• [Problem requirements]: What you return should be the lines of the data containing "Ground", each in full.

• [Data shown]:
○ ○ ○ ○ ○ ○ ○
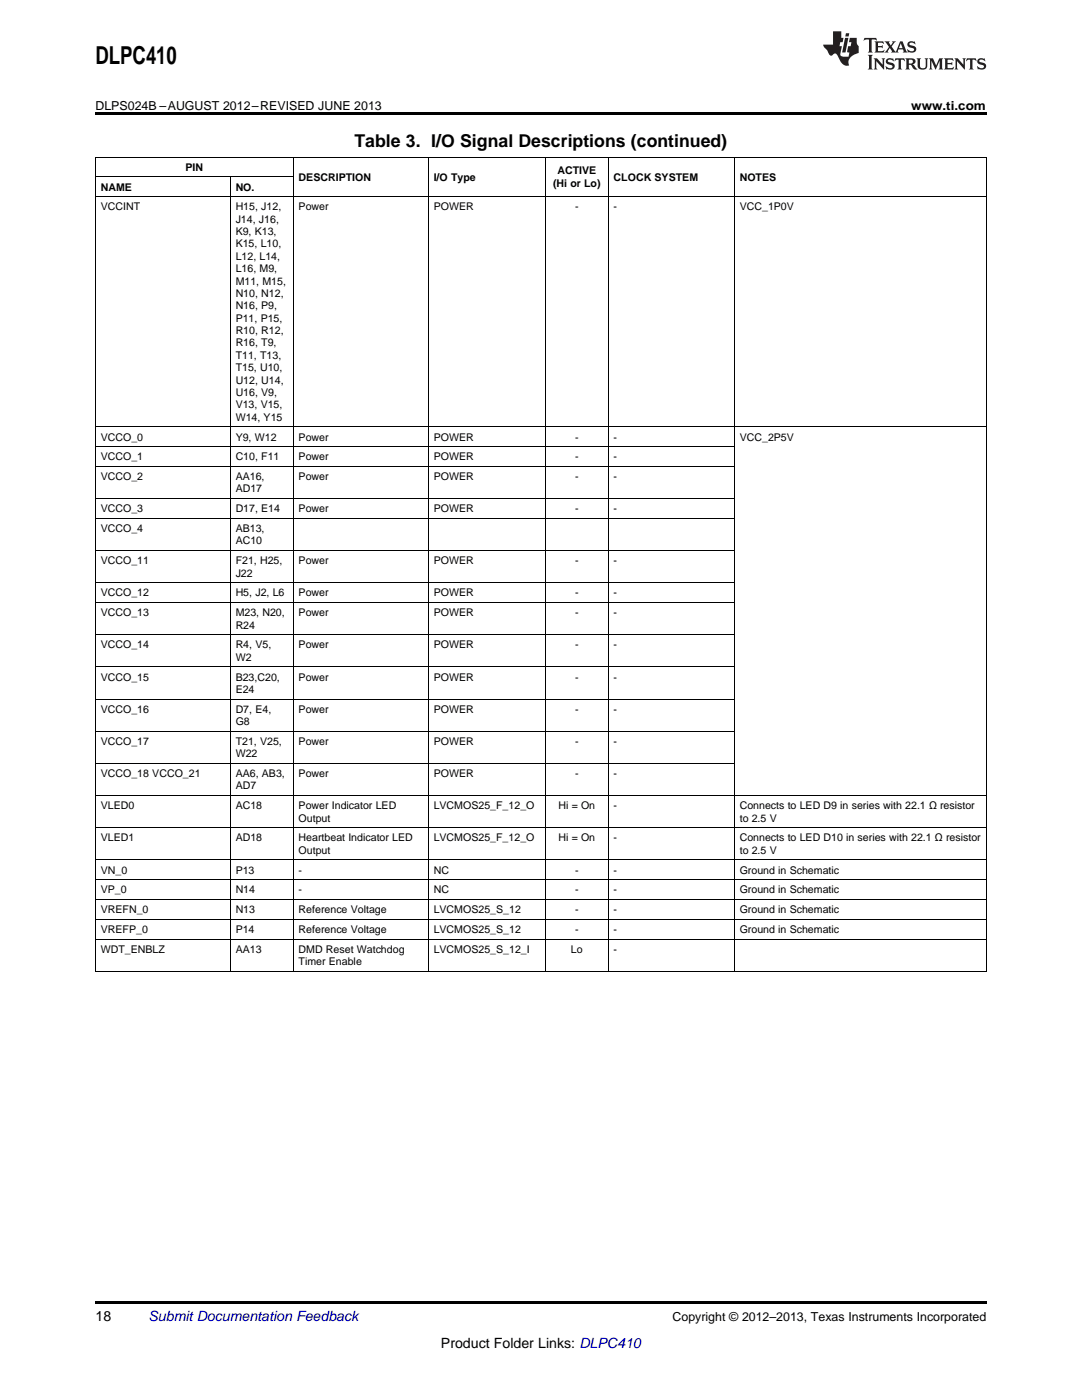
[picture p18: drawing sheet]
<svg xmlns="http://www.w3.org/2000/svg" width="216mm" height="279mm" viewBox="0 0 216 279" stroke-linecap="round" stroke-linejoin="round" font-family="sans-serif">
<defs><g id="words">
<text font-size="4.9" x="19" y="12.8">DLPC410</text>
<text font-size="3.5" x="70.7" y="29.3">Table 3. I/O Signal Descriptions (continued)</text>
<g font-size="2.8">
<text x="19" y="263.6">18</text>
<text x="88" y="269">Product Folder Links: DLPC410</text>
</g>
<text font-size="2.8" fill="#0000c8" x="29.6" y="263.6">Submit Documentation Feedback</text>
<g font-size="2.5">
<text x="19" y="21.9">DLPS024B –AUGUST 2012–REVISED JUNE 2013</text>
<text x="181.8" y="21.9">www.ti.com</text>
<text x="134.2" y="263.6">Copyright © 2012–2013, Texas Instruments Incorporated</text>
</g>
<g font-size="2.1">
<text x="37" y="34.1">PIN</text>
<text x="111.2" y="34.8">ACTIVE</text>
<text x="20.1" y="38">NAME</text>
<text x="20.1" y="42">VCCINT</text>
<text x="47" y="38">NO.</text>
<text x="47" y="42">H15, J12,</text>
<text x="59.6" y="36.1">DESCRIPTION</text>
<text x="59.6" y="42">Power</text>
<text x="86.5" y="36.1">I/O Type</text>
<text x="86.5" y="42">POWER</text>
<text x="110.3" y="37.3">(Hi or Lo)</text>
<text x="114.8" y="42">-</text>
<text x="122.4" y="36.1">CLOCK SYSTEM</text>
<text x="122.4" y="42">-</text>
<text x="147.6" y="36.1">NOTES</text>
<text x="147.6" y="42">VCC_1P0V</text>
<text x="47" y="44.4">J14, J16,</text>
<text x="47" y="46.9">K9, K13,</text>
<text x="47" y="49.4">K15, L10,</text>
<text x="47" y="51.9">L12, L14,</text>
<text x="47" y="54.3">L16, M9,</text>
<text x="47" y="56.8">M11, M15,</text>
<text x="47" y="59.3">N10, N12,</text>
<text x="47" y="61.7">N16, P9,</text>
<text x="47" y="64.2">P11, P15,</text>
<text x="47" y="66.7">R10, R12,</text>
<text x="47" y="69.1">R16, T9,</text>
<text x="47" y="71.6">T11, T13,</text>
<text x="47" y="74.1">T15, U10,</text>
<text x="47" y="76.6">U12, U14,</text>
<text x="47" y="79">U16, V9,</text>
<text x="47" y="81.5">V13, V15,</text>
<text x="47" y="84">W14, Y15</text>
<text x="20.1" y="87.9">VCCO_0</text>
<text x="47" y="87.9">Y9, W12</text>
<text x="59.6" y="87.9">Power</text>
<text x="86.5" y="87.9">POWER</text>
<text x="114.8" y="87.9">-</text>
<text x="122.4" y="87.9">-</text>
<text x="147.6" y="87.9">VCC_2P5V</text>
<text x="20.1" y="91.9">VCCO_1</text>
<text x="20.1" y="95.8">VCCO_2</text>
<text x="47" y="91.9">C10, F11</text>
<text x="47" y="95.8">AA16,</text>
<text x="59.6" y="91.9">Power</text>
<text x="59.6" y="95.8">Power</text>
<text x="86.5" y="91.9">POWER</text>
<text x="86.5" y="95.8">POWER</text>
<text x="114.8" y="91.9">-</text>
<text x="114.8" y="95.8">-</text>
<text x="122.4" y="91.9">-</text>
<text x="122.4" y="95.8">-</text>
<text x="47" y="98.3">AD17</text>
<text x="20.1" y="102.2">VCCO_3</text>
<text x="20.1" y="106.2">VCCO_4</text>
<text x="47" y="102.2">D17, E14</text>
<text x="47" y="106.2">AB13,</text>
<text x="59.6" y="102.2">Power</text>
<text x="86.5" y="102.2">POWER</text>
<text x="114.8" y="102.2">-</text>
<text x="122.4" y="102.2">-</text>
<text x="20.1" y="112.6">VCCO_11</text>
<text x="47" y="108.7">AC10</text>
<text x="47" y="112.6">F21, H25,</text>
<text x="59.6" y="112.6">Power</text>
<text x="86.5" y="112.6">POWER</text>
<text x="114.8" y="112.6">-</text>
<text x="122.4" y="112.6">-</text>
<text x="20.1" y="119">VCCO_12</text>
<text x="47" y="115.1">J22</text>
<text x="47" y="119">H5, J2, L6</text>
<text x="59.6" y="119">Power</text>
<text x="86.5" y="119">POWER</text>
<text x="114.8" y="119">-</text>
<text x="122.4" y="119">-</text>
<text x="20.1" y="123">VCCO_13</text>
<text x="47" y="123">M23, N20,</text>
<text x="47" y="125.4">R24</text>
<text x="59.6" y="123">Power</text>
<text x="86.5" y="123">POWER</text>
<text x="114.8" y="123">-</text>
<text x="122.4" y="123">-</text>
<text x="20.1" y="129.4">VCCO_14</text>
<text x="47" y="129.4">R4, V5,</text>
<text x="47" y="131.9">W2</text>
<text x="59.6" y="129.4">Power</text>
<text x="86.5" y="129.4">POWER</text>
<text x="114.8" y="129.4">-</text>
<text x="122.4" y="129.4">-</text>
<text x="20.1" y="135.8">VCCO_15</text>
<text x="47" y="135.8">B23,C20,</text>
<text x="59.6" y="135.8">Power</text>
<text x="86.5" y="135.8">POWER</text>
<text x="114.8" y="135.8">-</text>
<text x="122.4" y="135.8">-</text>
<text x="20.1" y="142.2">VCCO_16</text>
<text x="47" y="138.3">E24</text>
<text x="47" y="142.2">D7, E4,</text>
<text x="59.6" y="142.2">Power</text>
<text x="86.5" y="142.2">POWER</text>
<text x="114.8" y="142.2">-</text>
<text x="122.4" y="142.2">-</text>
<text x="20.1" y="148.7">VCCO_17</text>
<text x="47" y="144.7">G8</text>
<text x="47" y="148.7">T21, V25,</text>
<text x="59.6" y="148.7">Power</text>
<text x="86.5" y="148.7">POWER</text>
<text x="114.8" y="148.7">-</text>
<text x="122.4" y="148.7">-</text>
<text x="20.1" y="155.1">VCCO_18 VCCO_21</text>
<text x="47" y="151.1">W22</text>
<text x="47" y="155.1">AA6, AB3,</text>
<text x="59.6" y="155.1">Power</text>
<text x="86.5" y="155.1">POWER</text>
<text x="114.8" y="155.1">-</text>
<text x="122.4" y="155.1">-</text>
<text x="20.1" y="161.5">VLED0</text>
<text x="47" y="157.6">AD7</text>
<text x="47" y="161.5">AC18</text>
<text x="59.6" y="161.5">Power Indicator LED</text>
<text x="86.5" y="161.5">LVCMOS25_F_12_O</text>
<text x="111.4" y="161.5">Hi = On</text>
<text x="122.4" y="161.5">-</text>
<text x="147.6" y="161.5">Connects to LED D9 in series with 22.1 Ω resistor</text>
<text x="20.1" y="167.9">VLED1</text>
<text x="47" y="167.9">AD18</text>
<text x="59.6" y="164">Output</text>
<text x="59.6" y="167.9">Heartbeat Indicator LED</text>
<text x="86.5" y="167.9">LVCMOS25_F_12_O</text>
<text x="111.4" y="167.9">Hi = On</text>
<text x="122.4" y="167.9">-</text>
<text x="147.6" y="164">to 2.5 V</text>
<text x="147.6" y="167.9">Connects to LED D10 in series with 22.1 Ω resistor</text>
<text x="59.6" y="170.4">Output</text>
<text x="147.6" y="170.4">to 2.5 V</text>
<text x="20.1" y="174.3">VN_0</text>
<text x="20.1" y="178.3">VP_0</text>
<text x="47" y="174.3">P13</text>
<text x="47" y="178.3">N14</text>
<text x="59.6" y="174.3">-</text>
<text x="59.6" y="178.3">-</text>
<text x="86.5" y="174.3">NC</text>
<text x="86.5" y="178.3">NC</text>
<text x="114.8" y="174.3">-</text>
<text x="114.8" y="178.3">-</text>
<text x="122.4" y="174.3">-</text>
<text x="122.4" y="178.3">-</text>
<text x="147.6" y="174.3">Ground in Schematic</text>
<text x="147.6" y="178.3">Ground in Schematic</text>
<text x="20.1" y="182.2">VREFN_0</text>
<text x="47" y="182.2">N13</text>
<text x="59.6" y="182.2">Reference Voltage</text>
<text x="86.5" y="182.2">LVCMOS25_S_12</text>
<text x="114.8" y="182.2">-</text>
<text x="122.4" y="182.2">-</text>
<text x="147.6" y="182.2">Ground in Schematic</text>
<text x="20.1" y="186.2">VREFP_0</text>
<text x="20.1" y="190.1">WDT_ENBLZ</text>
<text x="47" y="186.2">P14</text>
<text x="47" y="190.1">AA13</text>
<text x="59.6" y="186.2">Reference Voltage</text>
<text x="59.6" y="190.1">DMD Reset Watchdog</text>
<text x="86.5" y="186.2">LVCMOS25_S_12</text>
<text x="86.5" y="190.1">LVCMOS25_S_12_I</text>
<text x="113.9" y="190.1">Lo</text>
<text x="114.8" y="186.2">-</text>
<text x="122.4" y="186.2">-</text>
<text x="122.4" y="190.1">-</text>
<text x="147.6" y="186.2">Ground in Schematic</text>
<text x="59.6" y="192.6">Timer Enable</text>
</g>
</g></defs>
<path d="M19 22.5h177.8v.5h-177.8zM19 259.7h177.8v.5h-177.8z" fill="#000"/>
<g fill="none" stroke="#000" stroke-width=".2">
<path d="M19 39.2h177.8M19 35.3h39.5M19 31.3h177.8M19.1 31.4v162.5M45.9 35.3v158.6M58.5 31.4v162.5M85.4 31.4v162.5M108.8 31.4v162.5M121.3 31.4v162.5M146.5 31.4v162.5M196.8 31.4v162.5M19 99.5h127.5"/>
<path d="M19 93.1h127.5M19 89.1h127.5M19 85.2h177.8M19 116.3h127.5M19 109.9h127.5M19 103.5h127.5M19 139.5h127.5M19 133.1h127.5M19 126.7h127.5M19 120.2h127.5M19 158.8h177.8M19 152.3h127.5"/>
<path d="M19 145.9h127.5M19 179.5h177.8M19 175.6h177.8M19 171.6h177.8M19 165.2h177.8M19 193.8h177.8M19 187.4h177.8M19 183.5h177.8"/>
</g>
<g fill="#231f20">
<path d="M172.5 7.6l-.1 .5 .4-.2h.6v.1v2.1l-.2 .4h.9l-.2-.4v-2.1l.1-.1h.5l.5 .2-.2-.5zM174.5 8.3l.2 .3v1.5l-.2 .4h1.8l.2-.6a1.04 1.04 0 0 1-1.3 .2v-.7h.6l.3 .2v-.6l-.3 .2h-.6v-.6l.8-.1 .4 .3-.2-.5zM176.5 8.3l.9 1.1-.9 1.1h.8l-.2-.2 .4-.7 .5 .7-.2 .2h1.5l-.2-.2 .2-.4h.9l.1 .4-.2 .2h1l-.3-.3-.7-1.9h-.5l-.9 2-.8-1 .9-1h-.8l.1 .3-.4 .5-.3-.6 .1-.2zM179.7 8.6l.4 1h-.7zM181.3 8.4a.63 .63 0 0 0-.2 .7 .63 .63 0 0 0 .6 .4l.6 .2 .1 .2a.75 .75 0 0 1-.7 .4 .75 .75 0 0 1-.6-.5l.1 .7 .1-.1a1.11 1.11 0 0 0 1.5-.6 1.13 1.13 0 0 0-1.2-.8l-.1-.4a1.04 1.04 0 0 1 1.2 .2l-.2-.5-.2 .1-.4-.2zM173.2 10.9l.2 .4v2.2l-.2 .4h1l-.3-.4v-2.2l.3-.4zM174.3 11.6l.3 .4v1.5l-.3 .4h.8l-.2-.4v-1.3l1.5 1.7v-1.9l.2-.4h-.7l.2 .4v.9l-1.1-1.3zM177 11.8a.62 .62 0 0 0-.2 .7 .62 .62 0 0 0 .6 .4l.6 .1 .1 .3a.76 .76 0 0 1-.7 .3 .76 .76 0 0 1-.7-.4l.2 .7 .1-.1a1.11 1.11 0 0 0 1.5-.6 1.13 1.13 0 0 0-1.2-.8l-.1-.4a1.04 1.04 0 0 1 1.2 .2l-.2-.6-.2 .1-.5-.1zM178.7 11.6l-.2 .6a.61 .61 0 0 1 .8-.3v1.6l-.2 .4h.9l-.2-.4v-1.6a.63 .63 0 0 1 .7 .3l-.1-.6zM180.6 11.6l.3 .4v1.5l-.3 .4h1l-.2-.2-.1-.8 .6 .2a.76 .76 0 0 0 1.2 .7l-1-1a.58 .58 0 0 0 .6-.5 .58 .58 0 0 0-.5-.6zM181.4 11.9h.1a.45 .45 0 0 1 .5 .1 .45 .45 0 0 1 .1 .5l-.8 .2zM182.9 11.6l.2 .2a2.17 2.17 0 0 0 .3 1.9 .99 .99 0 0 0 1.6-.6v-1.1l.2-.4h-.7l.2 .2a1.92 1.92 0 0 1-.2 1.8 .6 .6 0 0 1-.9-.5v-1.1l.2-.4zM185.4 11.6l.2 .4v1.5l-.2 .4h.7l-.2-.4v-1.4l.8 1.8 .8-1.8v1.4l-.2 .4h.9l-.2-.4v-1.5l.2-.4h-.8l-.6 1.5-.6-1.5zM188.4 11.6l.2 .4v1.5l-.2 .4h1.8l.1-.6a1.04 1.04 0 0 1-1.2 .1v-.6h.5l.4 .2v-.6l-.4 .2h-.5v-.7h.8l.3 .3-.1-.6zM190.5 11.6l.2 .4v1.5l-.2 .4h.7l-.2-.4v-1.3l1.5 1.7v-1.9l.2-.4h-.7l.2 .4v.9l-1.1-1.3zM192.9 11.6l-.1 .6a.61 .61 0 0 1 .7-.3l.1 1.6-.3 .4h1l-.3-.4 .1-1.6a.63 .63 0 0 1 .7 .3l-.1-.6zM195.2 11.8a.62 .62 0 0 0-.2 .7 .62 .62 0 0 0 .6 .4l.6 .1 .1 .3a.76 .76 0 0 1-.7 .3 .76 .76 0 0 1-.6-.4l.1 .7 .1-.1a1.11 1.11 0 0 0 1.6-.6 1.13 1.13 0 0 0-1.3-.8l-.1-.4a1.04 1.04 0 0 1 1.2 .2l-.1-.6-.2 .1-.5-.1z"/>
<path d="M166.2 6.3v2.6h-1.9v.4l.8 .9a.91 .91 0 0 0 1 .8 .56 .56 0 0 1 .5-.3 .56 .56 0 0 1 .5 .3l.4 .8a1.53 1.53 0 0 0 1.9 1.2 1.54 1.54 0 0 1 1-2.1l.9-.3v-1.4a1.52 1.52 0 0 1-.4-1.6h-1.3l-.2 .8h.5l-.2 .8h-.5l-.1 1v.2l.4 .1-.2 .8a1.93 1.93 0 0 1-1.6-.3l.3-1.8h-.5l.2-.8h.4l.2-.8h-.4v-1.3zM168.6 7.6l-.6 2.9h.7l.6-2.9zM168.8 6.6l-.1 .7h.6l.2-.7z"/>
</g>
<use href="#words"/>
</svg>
○ ○ ○ ○ ○ ○ ○
• [Solved problem]:
<text x="147.6" y="174.3">Ground in Schematic</text>
<text x="147.6" y="178.3">Ground in Schematic</text>
<text x="147.6" y="182.2">Ground in Schematic</text>
<text x="147.6" y="186.2">Ground in Schematic</text>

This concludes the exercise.